Childs Nerv Syst. 2005 Feb;21(2):161-4. doi: 10.1007/s00381-003-0895-x. Epub 2004 Jan 23.
Situs inversus is a rare condition of visceral transposition in which the spinal axis is rarely affected.
The authors report a patient with situs inversus totalis and Type II split cord malformation. The patient had no symptoms and presented with scoliosis.
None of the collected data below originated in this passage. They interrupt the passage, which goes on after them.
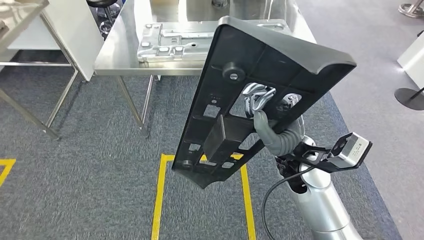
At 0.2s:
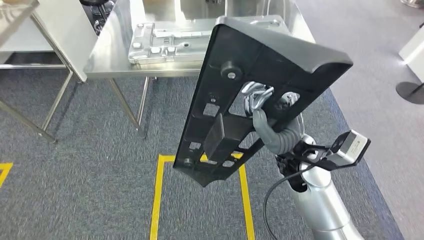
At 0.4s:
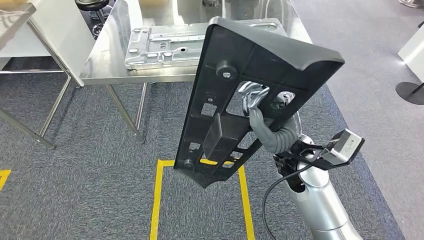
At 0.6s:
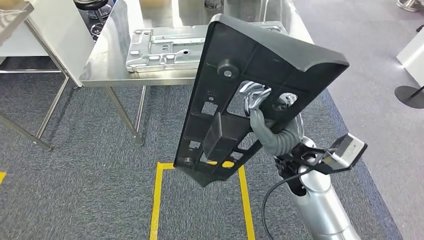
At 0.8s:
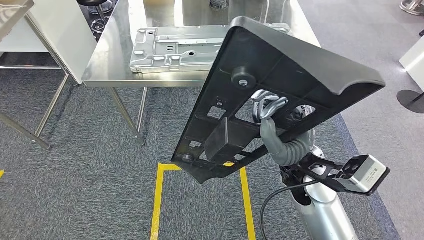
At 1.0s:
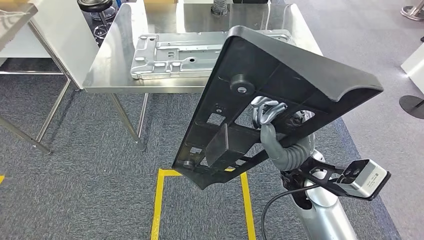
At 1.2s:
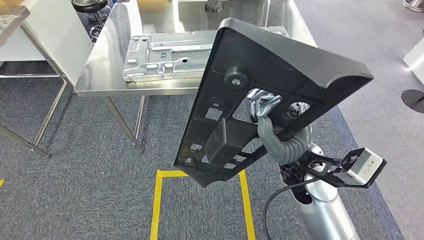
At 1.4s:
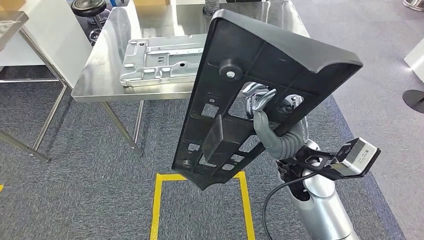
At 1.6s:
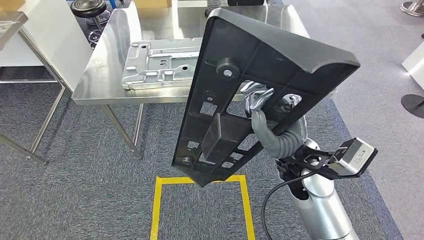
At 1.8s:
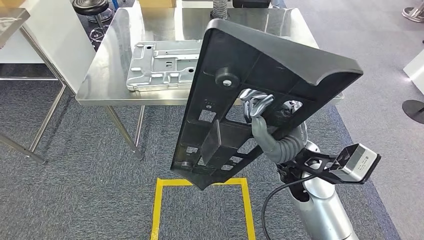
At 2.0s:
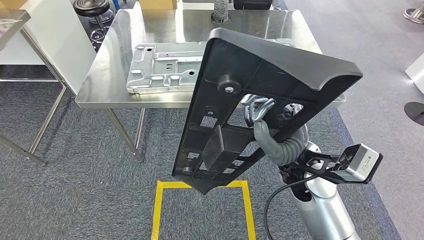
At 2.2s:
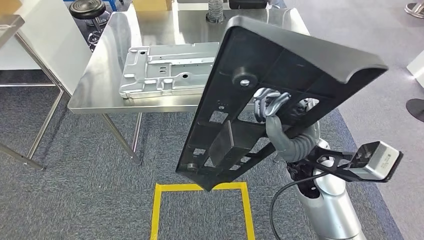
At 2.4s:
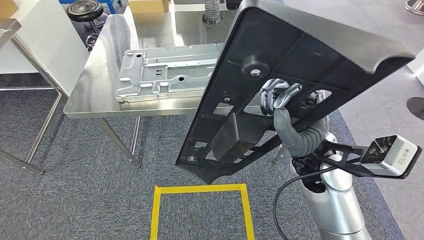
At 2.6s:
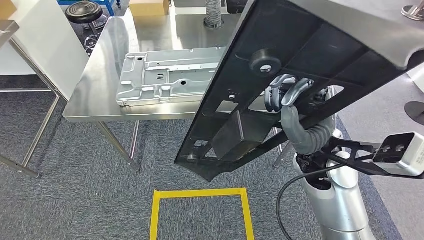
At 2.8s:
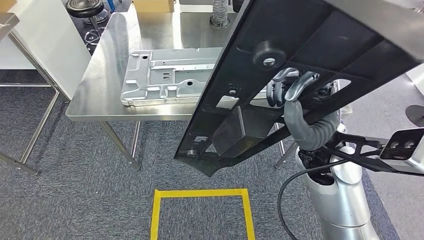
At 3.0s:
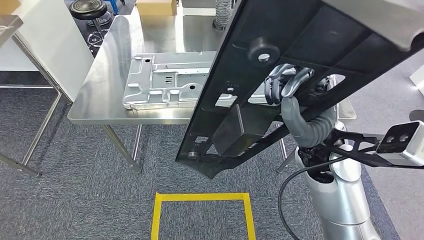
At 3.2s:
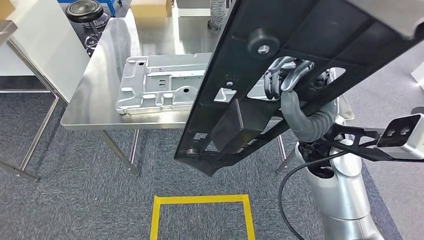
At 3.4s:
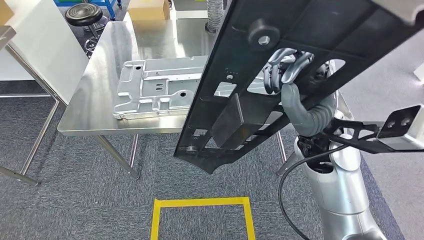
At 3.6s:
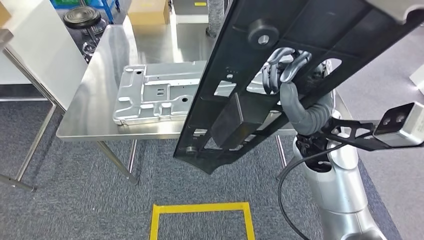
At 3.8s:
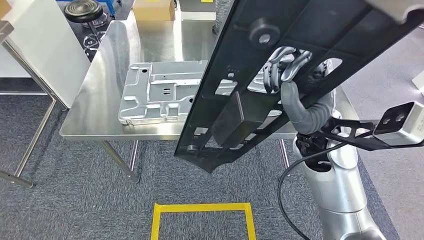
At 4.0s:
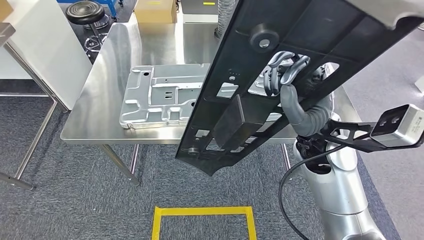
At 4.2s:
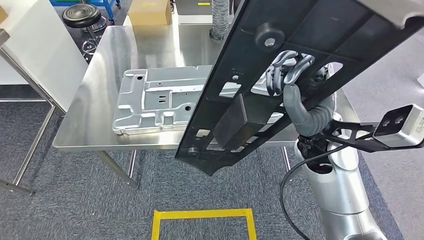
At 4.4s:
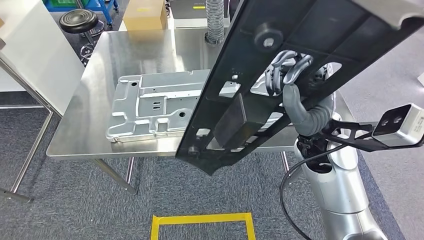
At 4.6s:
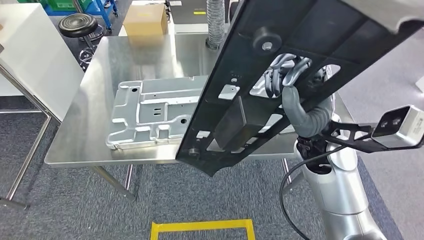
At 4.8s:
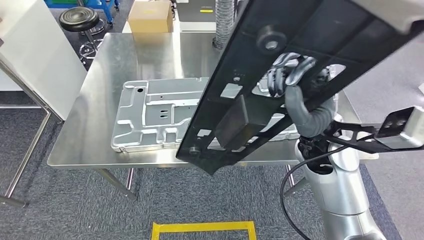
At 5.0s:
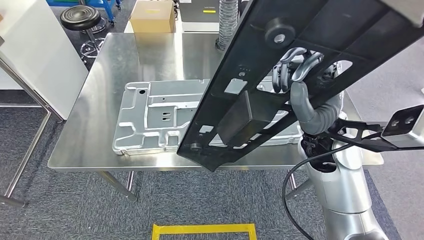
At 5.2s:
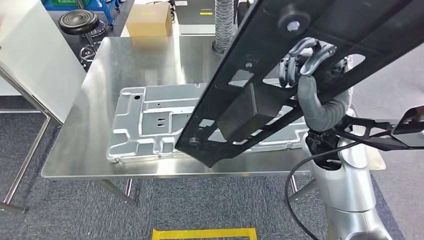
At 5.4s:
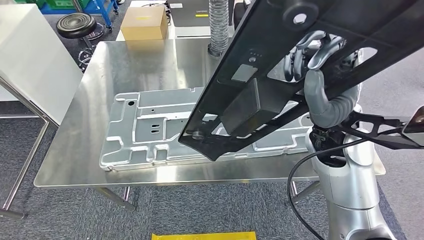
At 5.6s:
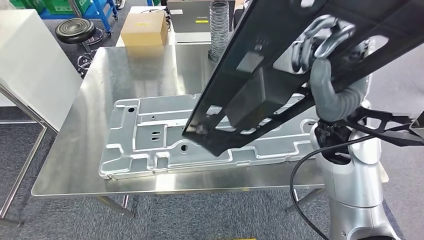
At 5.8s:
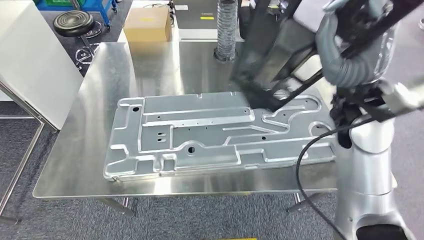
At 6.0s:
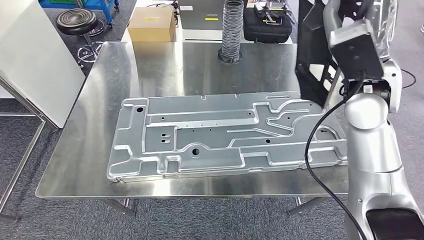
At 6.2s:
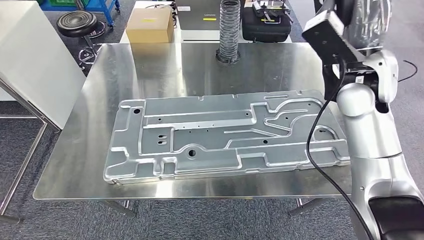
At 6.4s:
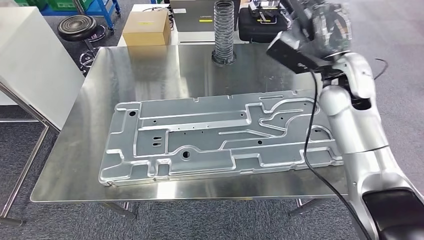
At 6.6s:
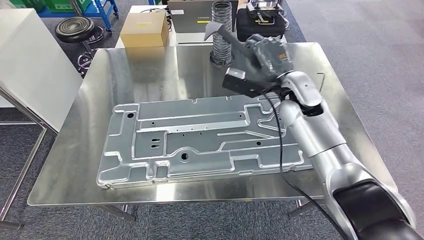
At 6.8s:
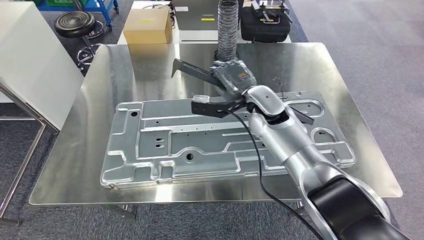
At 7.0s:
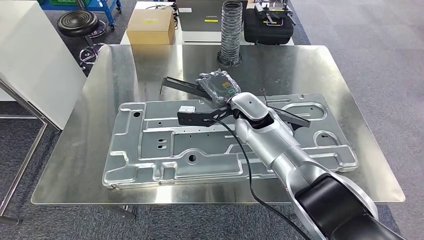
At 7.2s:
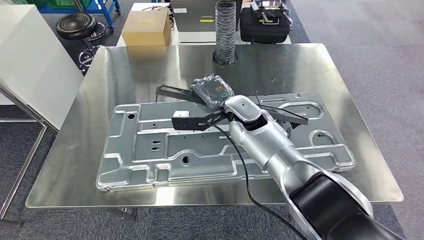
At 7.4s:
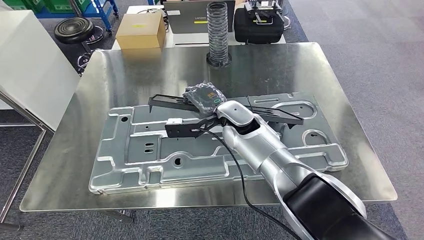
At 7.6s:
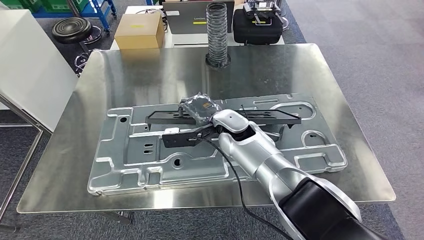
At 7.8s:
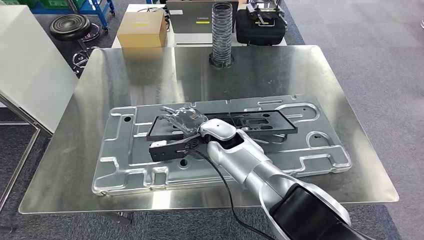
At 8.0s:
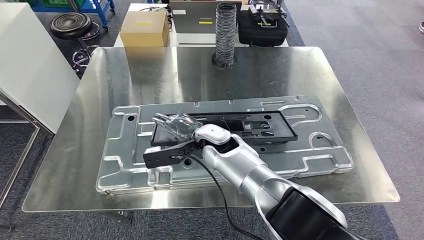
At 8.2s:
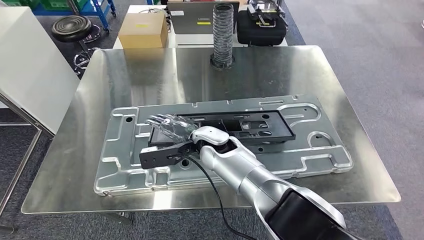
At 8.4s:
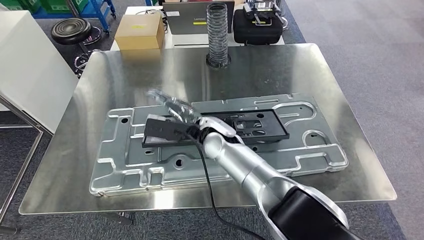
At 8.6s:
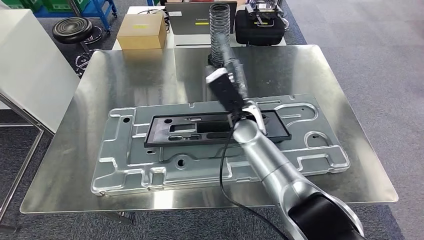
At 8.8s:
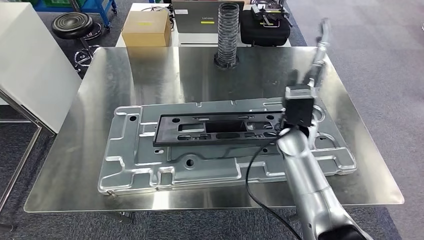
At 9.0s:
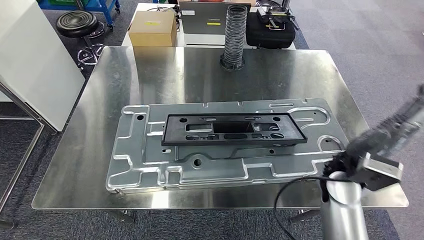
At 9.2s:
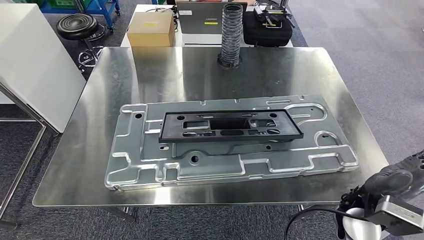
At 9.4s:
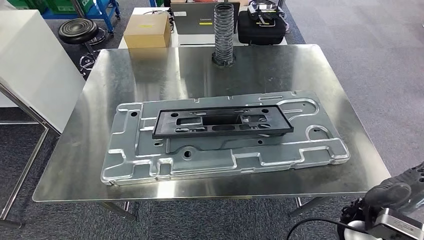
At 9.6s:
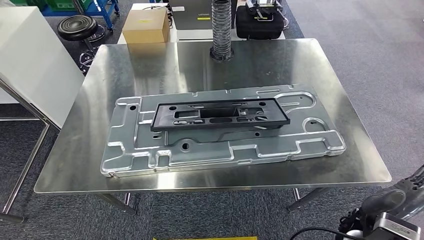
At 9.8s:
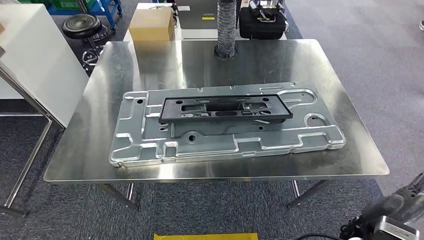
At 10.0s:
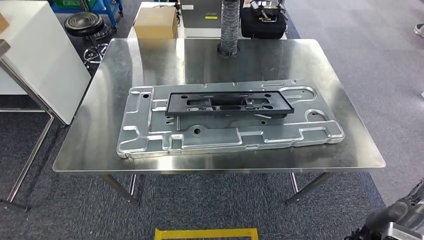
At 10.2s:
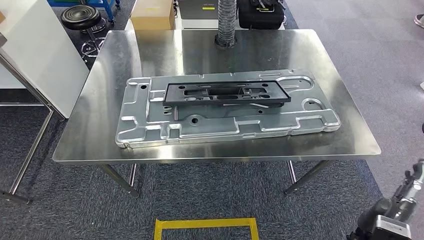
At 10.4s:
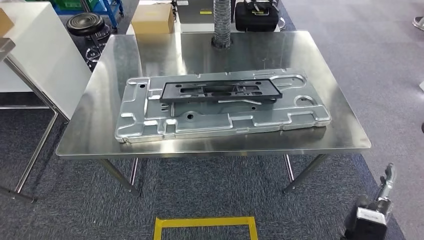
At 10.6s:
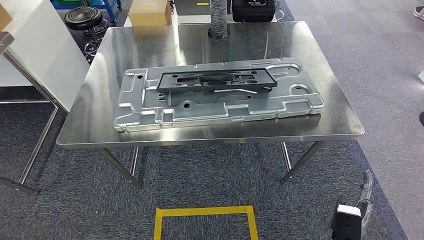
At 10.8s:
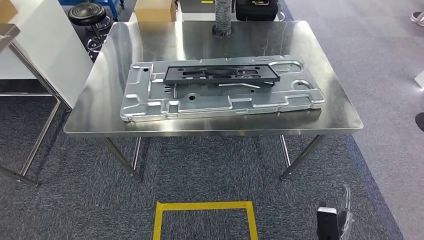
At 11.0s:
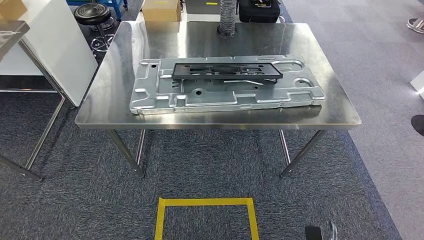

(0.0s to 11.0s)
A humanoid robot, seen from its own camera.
Step, 0.0s - 4.8s: Move the small parts to the workbench.
Step, 5.0s - 10.6s: Insert the small parts into the corresponding holes on the workbench.

Recent compelling evidence from animal models and human case reports has lead to hypotheses that defects of the midline and laterality defects (e.g., situs inversus) are etiologically related. Confirmation from additional case reports of situs inversus and split cord malformation could prove useful in determining a genetic locus for split cord malformations or implicating various chemical agents that are known to produce situs inversus as potential causative factors in the production of split cord malformations.
内脏反位是一种罕见的内脏转位情况,其中脊柱轴很少受到影响。
作者报告了一例全内脏反位合并II型脊髓纵裂畸形的患者。该患者无症状,表现为脊柱侧弯。
最近来自动物模型和人类病例报告的有力证据引发了一些假设,即中线缺陷和左右侧缺陷(如内脏反位)在病因上相关。更多内脏反位和脊髓纵裂畸形病例报告的证实,可能有助于确定脊髓纵裂畸形的基因位点,或表明各种已知会导致内脏反位的化学物质是脊髓纵裂畸形产生的潜在致病因素。